◆ EXERCISE AIM
Look below for the line with "Sample output, numbers", and from there restate every line word for word until the entries end.

PROVIDED ENTRIES Start Marker

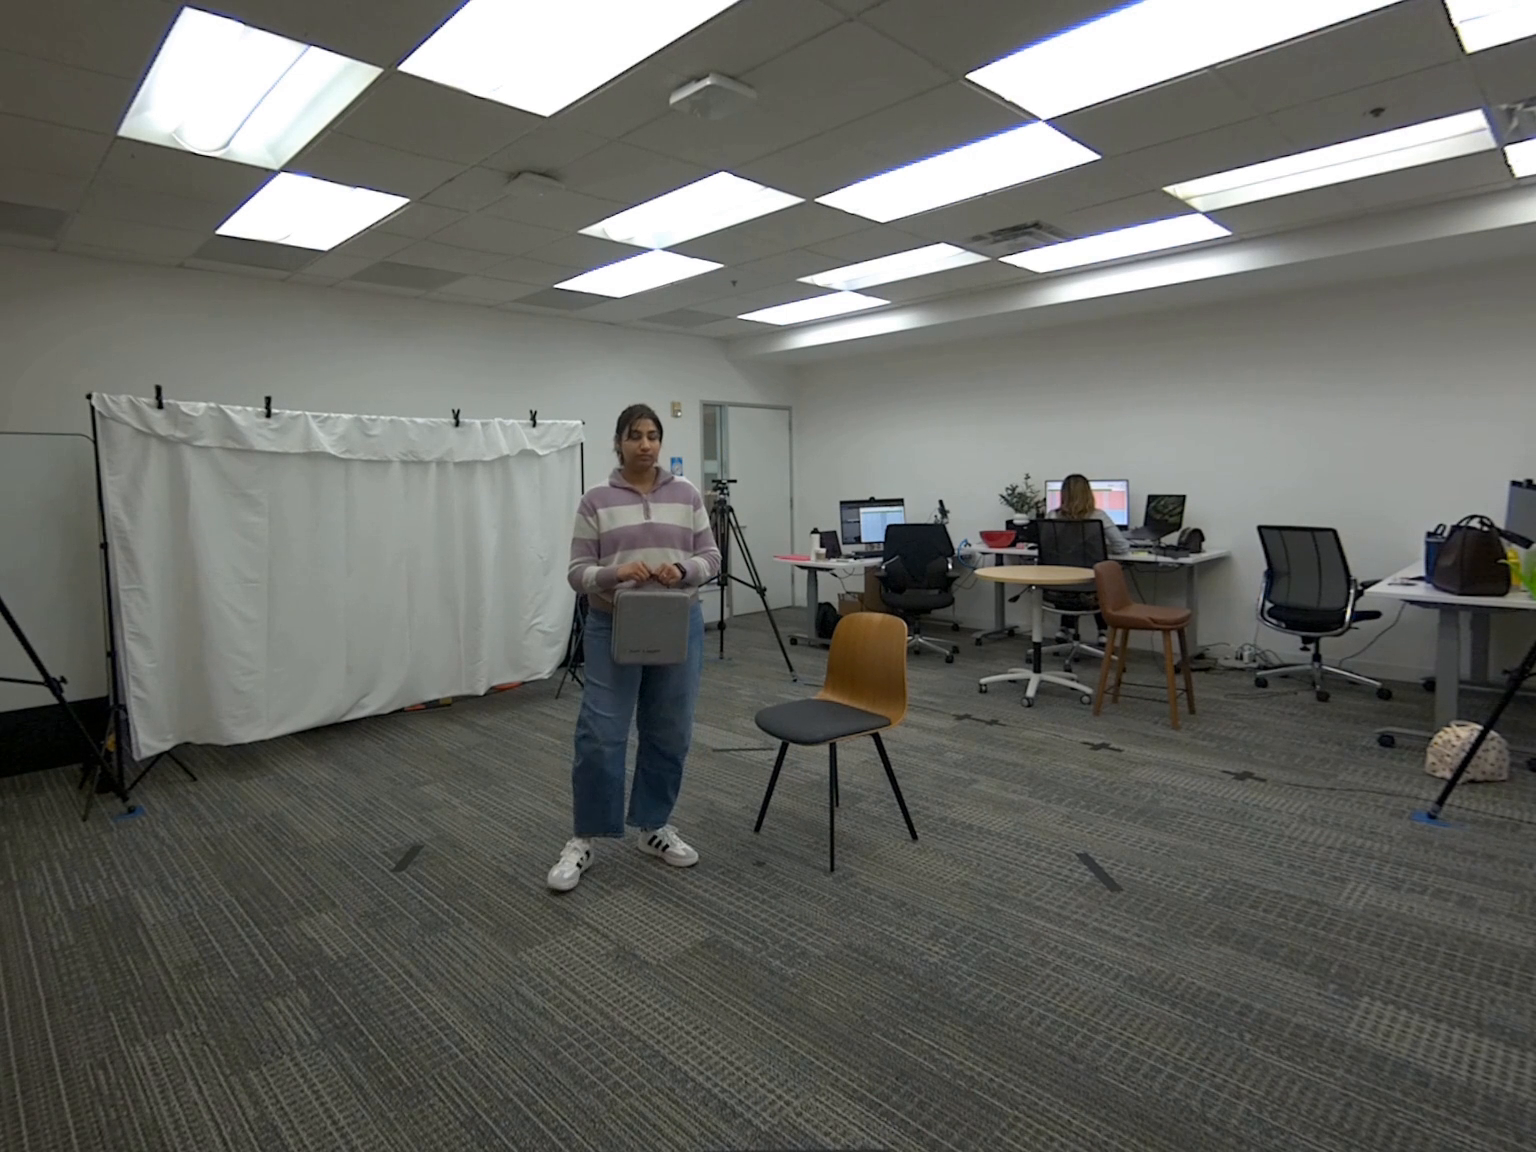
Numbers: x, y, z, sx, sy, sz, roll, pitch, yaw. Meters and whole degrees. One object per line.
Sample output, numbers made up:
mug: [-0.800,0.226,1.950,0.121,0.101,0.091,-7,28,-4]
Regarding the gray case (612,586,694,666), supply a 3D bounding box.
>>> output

PROVIDED ENTRIES End Marker

◆ RESULT OF THIS TASK
Sample output, numbers made up:
mug: [-0.800,0.226,1.950,0.121,0.101,0.091,-7,28,-4]
Regarding the gray case (612,586,694,666), supply a 3D bounding box.
>>> output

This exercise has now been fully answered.